Action item: Please write out the full listing beneath this line exactly, skipping its images.
•••••
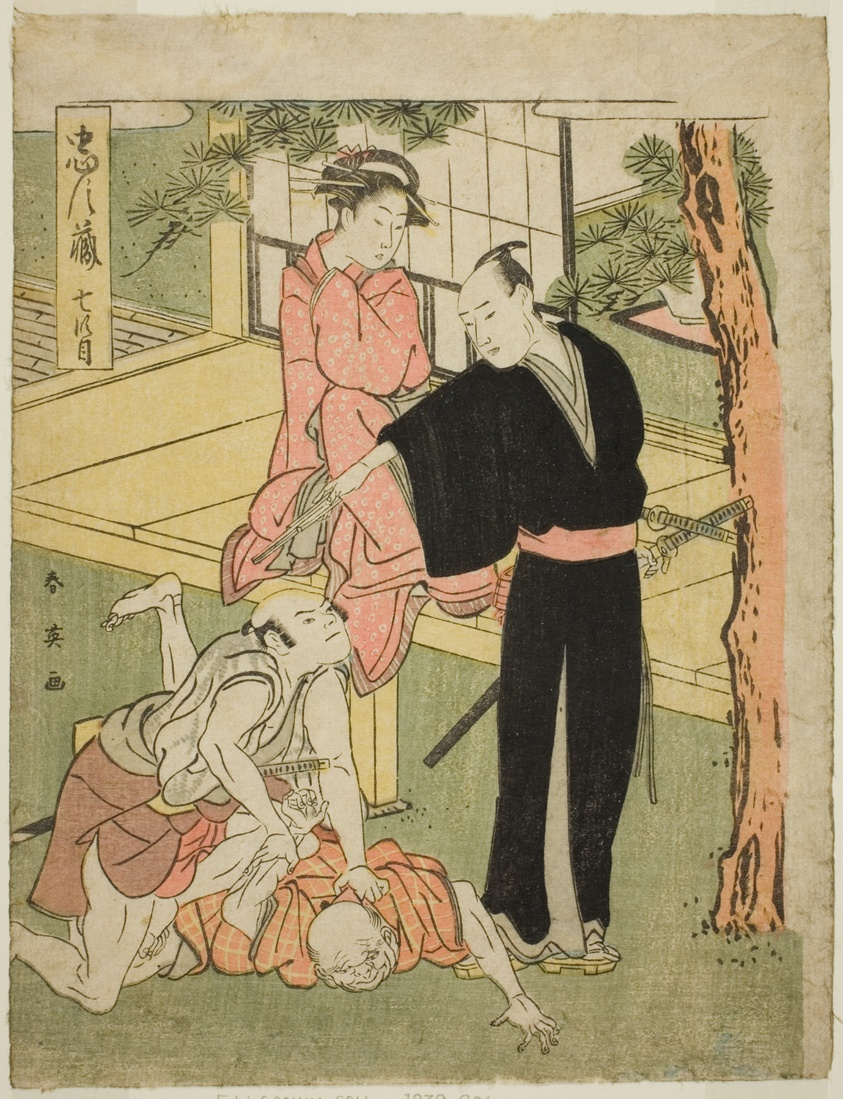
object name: Print
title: Act Seven: The Ichiriki Teahouse from the Play Chushingura (Treasury of the Forty-seven Loyal Retainers)
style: Japanese (culture or style)
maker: Katsukawa Shun'ei (Japanese, 1762-1819)
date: c. 1795
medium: Color woodblock print; koban
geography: Japan
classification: woodblock print; print; asian art
•••••
Finished task:
object name: Print
title: Act Seven: The Ichiriki Teahouse from the Play Chushingura (Treasury of the Forty-seven Loyal Retainers)
style: Japanese (culture or style)
maker: Katsukawa Shun'ei (Japanese, 1762-1819)
date: c. 1795
medium: Color woodblock print; koban
geography: Japan
classification: woodblock print; print; asian art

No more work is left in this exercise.